Exercise directions = Write out, word for word, every line in the data below from the one containing "2D boxes in" to the one containing "Aim: enclose the", both of them included.

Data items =

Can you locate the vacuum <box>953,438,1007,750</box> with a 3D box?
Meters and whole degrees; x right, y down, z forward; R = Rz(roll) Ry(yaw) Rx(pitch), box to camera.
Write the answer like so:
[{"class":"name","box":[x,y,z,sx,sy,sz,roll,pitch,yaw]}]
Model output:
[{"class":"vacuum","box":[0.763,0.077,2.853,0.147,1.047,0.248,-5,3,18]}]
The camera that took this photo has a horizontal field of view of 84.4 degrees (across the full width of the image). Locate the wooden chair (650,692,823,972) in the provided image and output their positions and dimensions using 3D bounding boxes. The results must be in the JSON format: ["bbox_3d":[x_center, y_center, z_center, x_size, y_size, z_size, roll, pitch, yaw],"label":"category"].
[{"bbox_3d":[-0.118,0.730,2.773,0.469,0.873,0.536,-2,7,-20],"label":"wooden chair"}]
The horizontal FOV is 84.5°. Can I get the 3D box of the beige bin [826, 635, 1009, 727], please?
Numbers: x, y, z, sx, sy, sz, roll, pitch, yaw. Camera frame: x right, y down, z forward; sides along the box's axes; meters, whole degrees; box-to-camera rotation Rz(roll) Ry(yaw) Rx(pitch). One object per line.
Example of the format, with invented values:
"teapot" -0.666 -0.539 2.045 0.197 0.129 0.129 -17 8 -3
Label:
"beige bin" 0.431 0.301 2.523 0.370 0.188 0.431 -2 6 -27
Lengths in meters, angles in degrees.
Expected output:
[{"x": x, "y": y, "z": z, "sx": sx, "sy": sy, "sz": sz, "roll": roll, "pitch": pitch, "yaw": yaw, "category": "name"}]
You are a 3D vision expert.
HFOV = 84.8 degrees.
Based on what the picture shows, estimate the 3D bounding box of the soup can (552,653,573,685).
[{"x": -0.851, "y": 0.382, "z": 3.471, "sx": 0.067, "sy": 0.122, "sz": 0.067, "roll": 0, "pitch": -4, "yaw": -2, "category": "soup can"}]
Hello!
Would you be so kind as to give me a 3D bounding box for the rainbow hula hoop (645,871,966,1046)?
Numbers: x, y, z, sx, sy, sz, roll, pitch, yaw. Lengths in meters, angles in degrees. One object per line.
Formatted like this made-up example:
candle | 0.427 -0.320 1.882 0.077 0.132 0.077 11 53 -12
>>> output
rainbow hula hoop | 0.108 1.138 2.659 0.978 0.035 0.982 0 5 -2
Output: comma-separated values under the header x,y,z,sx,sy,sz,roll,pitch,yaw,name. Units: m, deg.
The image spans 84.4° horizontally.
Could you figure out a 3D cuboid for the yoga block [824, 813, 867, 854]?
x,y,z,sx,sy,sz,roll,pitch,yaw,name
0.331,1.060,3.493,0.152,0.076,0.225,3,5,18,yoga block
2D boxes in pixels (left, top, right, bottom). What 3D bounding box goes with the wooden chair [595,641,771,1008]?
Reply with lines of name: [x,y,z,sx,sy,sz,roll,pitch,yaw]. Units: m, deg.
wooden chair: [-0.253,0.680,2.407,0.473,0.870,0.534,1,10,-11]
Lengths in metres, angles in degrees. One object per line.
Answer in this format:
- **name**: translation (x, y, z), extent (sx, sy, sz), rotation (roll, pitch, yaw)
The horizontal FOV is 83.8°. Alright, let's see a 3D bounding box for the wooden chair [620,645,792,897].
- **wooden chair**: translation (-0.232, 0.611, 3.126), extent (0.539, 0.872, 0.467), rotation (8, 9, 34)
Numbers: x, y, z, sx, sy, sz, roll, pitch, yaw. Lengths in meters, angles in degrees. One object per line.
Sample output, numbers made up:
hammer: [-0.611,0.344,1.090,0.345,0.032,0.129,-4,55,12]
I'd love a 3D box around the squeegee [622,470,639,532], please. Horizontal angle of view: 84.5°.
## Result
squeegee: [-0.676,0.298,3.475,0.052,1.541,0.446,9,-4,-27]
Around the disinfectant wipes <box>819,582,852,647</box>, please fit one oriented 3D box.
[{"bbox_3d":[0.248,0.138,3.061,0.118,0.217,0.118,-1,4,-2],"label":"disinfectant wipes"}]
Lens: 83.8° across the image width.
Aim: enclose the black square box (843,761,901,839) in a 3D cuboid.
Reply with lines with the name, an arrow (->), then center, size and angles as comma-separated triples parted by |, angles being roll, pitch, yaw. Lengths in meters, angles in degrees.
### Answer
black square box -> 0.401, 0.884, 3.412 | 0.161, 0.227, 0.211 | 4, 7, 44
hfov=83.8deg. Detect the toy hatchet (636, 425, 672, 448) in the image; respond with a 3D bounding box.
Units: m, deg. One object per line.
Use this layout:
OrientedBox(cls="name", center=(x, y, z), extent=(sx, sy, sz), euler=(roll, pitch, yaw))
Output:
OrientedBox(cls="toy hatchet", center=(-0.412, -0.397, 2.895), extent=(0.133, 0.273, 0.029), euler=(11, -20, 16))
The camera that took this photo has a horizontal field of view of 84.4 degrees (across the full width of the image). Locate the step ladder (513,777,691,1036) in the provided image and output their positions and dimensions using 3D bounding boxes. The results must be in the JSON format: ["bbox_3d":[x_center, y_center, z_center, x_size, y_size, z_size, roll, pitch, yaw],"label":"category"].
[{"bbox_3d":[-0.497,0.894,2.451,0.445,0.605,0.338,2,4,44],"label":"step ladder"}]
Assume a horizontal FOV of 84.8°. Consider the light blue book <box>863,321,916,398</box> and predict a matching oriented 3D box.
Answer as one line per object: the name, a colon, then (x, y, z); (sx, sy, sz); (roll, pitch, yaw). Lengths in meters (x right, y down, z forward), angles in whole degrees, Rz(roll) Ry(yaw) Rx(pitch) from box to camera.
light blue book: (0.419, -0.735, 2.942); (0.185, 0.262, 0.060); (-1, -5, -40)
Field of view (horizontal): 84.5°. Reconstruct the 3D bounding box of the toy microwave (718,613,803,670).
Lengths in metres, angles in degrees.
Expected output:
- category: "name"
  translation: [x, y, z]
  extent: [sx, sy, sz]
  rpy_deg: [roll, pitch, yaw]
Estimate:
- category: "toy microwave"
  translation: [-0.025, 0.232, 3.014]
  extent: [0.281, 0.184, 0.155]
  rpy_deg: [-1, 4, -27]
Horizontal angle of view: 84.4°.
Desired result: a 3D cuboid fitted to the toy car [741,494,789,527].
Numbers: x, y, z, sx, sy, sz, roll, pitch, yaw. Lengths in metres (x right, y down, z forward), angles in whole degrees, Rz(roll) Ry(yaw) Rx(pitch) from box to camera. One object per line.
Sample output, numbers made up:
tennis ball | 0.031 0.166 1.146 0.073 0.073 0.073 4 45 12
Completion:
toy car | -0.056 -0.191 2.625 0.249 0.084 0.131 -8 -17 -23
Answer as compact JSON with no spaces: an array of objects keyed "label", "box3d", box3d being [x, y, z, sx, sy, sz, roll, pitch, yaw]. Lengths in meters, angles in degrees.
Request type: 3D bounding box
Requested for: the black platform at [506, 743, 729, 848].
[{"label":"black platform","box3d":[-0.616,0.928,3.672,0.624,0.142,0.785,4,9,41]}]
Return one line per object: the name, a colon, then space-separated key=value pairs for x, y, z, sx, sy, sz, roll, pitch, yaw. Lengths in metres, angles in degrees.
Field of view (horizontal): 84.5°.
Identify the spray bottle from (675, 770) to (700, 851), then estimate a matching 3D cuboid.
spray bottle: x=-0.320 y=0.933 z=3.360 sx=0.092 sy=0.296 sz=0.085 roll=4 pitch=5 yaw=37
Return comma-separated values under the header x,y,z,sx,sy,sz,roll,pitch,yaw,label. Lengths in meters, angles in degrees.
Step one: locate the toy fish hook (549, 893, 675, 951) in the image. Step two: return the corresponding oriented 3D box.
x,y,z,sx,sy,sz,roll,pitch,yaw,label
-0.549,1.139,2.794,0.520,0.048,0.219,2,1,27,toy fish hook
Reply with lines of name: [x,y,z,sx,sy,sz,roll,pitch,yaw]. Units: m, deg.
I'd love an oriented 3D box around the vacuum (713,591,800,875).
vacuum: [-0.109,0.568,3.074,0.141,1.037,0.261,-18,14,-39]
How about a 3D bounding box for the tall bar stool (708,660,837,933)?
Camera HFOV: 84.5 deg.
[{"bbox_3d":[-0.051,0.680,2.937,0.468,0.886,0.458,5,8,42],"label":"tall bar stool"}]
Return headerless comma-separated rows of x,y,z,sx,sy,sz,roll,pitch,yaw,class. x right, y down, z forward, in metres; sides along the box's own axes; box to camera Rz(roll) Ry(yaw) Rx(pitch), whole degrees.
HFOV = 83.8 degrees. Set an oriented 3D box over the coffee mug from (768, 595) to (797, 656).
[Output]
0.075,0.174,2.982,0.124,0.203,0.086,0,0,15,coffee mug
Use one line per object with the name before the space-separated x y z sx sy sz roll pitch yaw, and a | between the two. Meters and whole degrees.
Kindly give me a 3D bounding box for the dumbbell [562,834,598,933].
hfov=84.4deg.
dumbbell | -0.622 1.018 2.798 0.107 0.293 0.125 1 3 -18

Answer for this exercise =
2D boxes in pixels (left, top, right, bottom). What 3D bounding box goes with the wooden chair [595,641,771,1008]?
Reply with lines of name: [x,y,z,sx,sy,sz,roll,pitch,yaw]. Units: m, deg.
wooden chair: [-0.253,0.680,2.407,0.473,0.870,0.534,1,10,-11]
Lengths in metres, angles in degrees. One object per line.
Answer in this format:
- **name**: translation (x, y, z), extent (sx, sy, sz), rotation (roll, pitch, yaw)
The horizontal FOV is 83.8°. Alright, let's see a 3D bounding box for the wooden chair [620,645,792,897].
- **wooden chair**: translation (-0.232, 0.611, 3.126), extent (0.539, 0.872, 0.467), rotation (8, 9, 34)
Numbers: x, y, z, sx, sy, sz, roll, pitch, yaw. Lengths in meters, angles in degrees. One object per line.
Sample output, numbers made up:
hammer: [-0.611,0.344,1.090,0.345,0.032,0.129,-4,55,12]
I'd love a 3D box around the squeegee [622,470,639,532], please. Horizontal angle of view: 84.5°.
## Result
squeegee: [-0.676,0.298,3.475,0.052,1.541,0.446,9,-4,-27]
Around the disinfectant wipes <box>819,582,852,647</box>, please fit one oriented 3D box.
[{"bbox_3d":[0.248,0.138,3.061,0.118,0.217,0.118,-1,4,-2],"label":"disinfectant wipes"}]
Lens: 83.8° across the image width.
Aim: enclose the black square box (843,761,901,839) in a 3D cuboid.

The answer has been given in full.